Les points à vérifier
Parmi les garanties que doit offrir la PDP, l'entreprise doit s'assurer d'un chiffrement solide, une gestion des accès bien faite, une authentification forte, et un plan de reprise avec des délais de réponse suffisamment courts en cas d'incident, qu'il s'agisse d'une violation des données ou d'un simple bug informatique. "C'est un point qu'il faut vérifier, insiste l'avocate, demander s'il y a un incident, y compris de votre côté, combien de temps va mettre le sous-traitant pour aider".
Attention également : si le responsable du traitement a 72h pour déclarer à la Cnil d'une violation des données une fois que son sous-traitant l'en a informé, celui-ci est tenu de le prévenir… Mais la loi n'impose aucun délai.

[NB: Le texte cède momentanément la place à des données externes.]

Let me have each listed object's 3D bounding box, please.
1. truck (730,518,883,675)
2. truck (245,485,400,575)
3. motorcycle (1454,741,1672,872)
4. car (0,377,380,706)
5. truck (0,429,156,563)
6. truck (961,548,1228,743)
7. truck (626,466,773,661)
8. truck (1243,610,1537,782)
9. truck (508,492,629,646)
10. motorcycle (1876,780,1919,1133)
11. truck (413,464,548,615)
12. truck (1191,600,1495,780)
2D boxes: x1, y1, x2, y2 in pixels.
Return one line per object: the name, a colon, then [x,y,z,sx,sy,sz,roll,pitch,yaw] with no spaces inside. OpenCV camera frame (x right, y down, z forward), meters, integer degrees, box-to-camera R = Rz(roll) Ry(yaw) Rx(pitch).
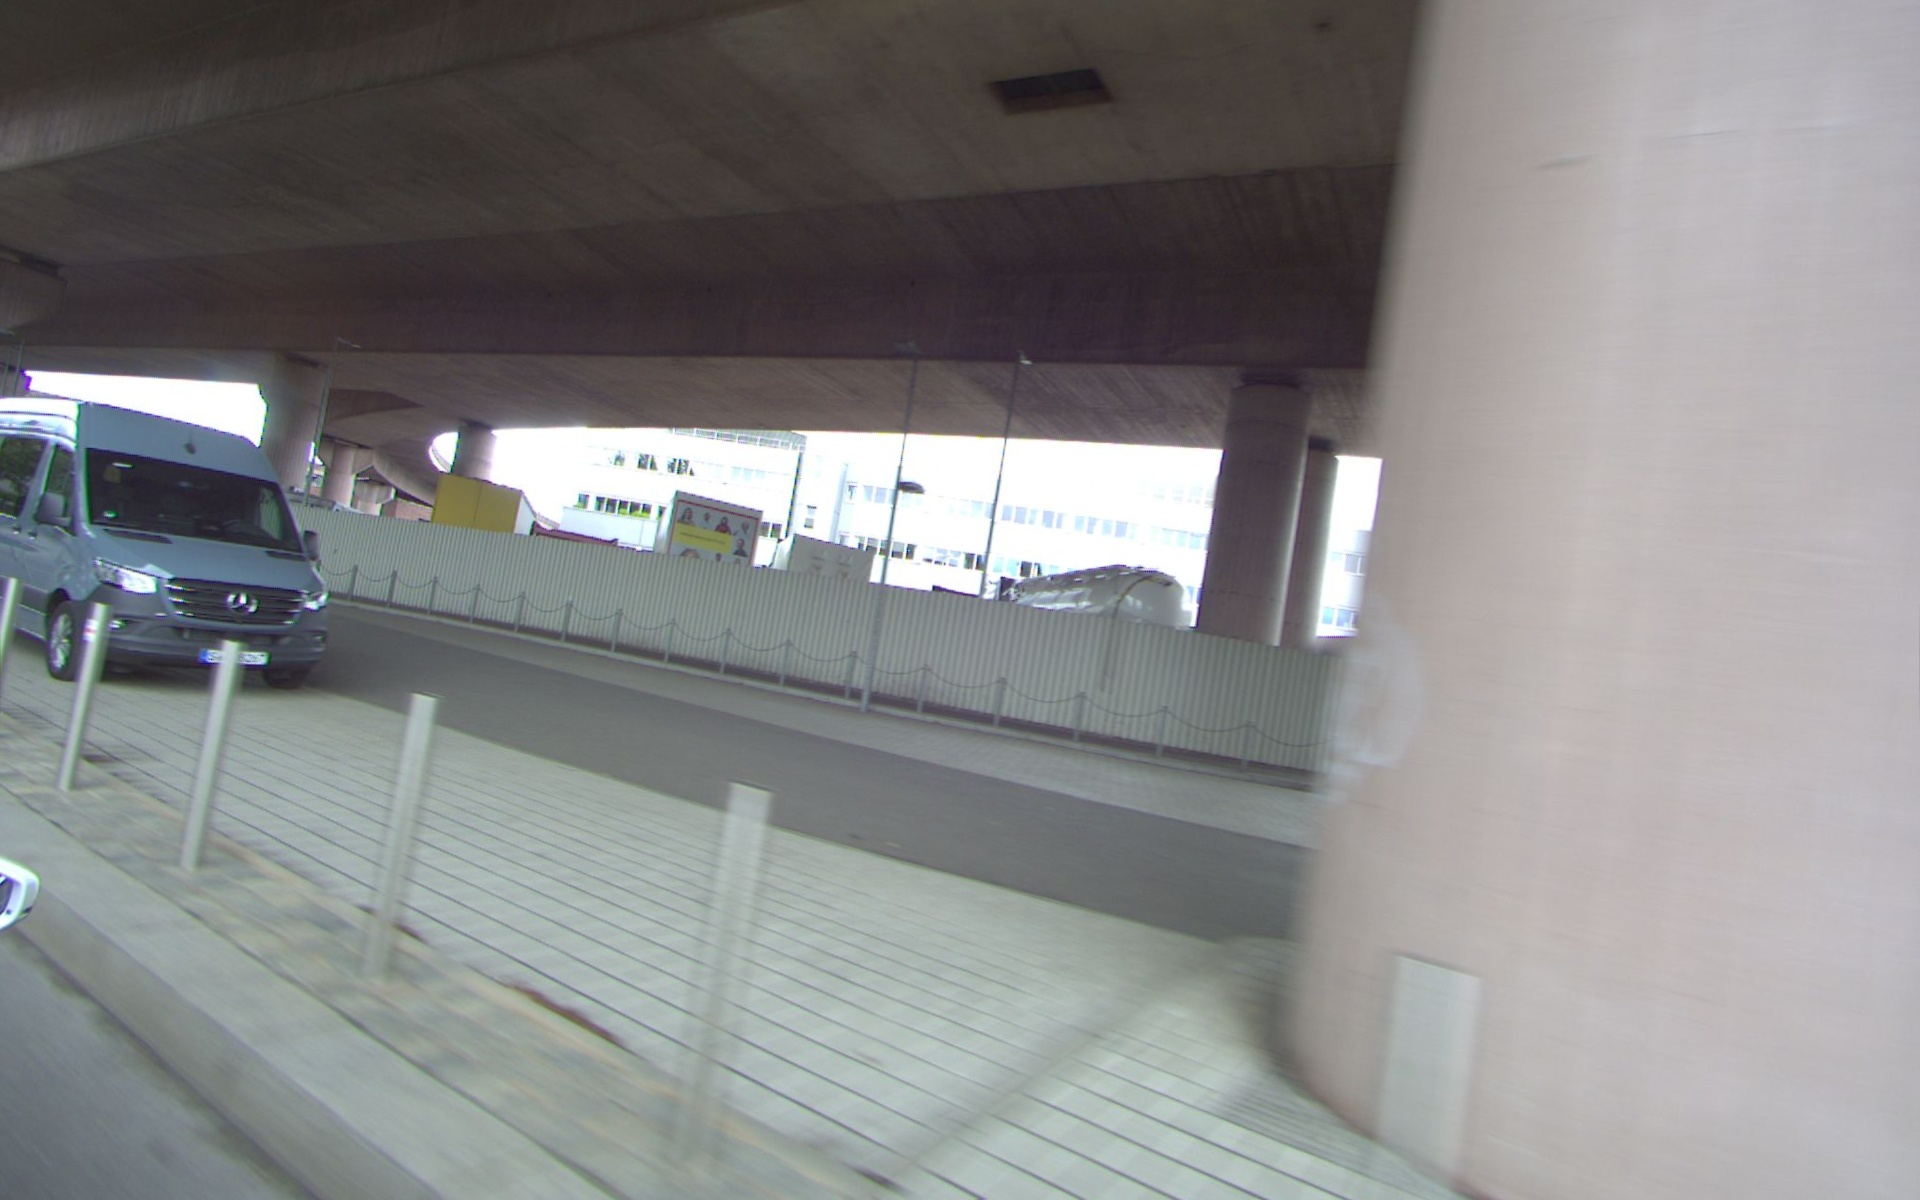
truck: [-5.506,-0.080,33.973,2.776,4.205,9.892,9,-3,-19]
truck: [-26.645,-2.750,42.604,3.101,2.979,8.686,7,-1,-17]
motorcycle: [8.651,2.922,14.547,2.494,1.249,0.784,9,-1,33]
car: [-8.898,-0.690,10.710,5.976,2.642,1.997,7,-2,34]
truck: [-42.246,-4.709,47.566,3.104,4.969,8.690,10,-4,-18]
truck: [3.329,1.149,29.249,2.971,4.351,10.261,8,-2,-18]
truck: [-8.756,-1.000,32.649,3.105,4.978,9.688,9,-2,-20]
truck: [13.124,2.746,31.909,2.873,4.285,8.731,9,-2,-21]
truck: [-13.344,-0.905,35.067,2.857,4.230,10.031,8,-2,-18]
motorcycle: [4.880,1.567,3.632,2.089,1.382,0.799,9,-1,12]
truck: [-17.713,-1.984,37.897,3.105,4.493,9.688,9,-2,-20]
truck: [10.824,2.349,29.795,2.873,4.205,8.731,9,-2,-21]
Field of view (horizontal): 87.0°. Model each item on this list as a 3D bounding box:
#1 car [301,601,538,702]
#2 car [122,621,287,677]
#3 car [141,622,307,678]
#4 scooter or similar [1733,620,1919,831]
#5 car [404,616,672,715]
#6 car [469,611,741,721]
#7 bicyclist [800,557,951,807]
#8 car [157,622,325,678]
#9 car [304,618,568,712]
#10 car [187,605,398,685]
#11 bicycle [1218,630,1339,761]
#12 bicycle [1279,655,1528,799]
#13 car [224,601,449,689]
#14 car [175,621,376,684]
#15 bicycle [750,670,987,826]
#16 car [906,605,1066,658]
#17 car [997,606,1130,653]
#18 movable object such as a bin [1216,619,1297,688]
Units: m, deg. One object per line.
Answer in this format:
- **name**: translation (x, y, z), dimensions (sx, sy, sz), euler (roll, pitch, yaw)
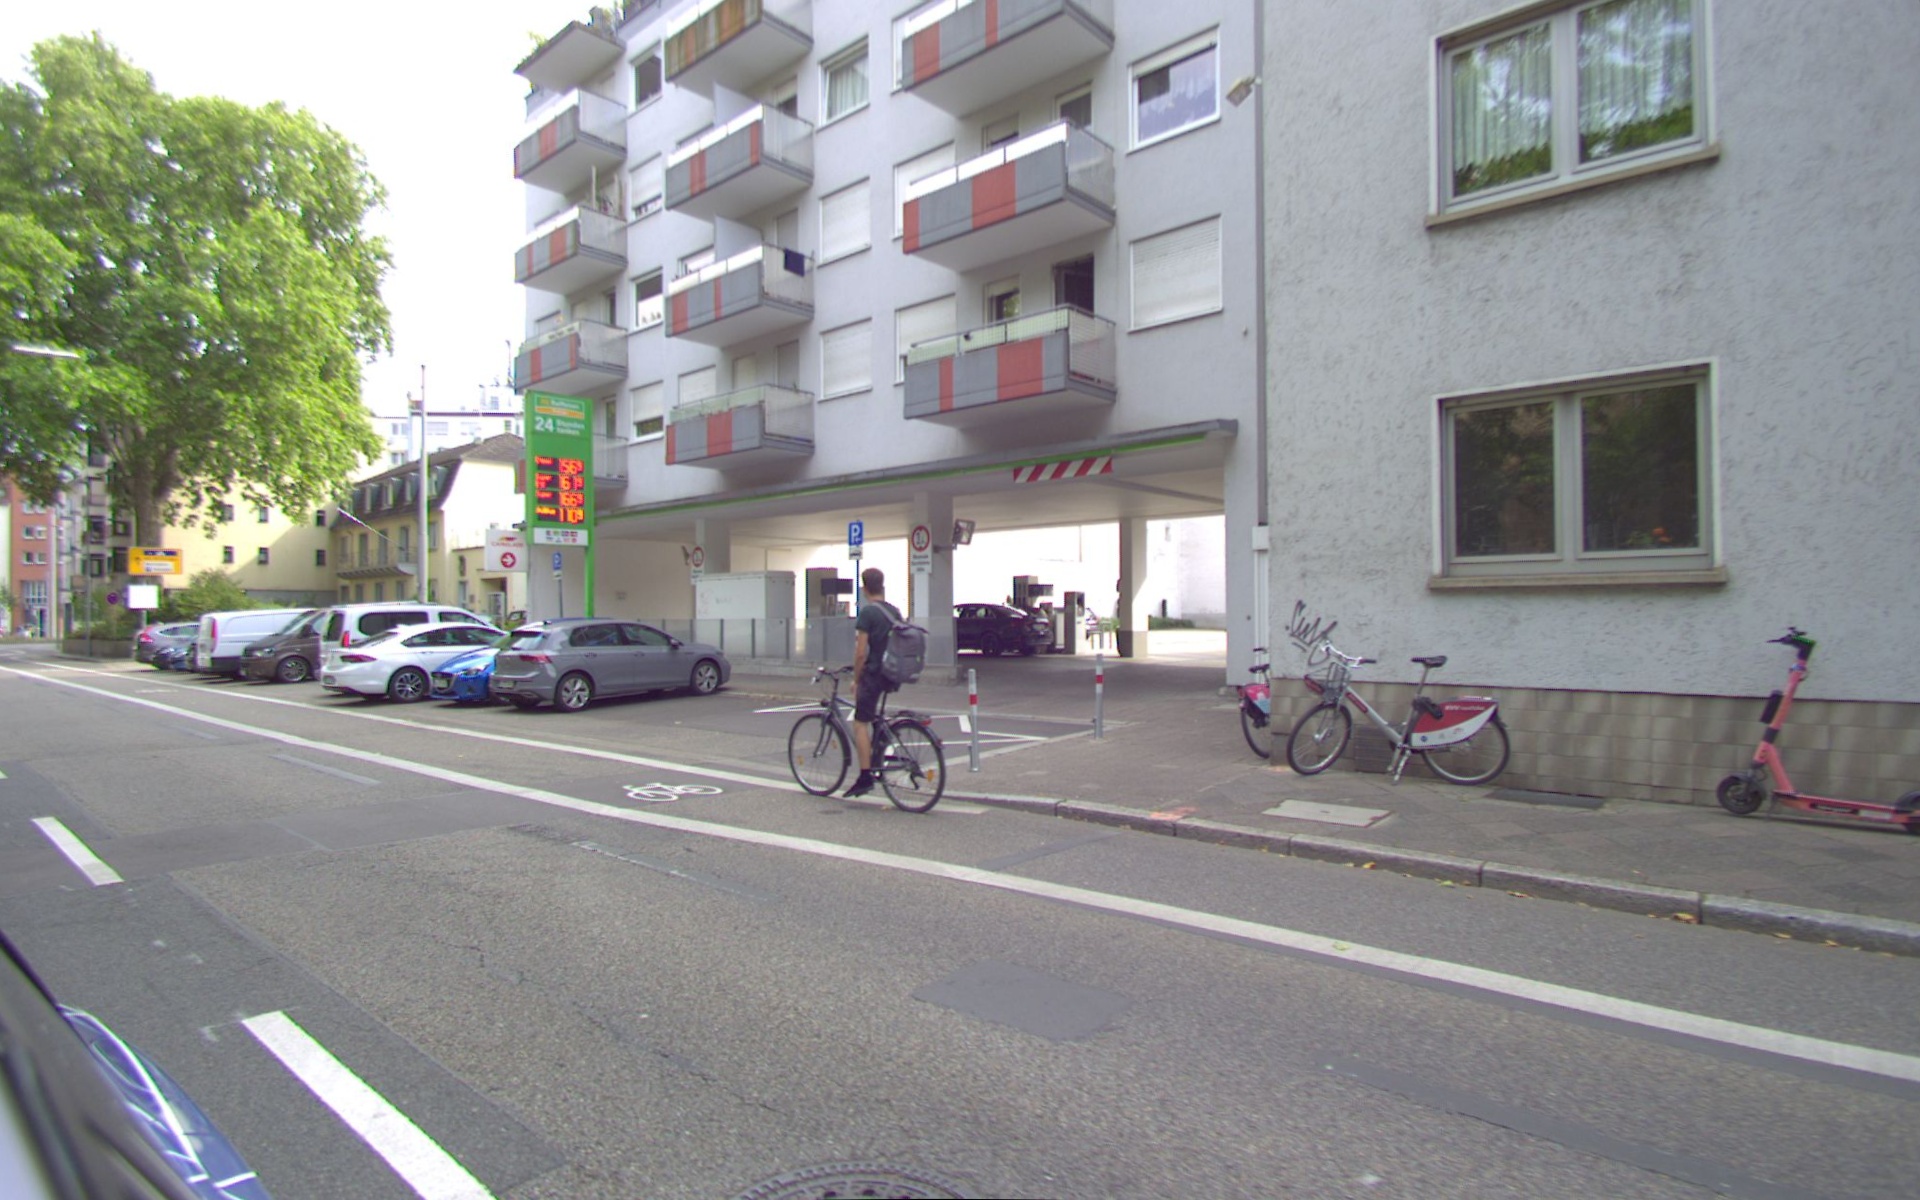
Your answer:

Mieux vaut donc préciser dans le contrat dans quel délai le sous-traitant doit informer le responsable en cas de tel problème.
Autre point d'attention : la réversibilité des données, en cas de changement de fournisseur : "comment les récupérer, quelles données sont concernées, comment peut-on les transférer et à quel coût". Mais aussi le respect du droit d'accès, pour les personnes qui voudraient éventuellement consulter ou modifier leurs données collectées.
Comme dans tout traitement de données, l'entreprise doit tenir un registre de traitement, et "documenter les bases légales", c'est-à-dire bien préciser sur quelles bases légales sont collectées et conservées les données. Et là, attention : si la base légale la plus connue est le consentement, l'avocate déconseille de s'appuyer dessus dans le cas de la facturation électronique, car si un client retire son consentement au traitement des données, il ne sera plus possible de traiter ses données pour émettre des factures. Dans ce cas de figure, "la base légale est souvent l'exécution du contrat, cela peut aussi être l'intérêt légitime".
Par ailleurs, l'avocate rappelle que le respect du RGPD doit s'articuler avec d'autres obligations légales : certes, les données ne doivent pas être conservées indéfiniment dans le cadre de la protection des données principales, mais les entreprises ont également une obligation de lutte contre la fraude qui les exige une conservation d'un certain nombre de données durant un temps défini.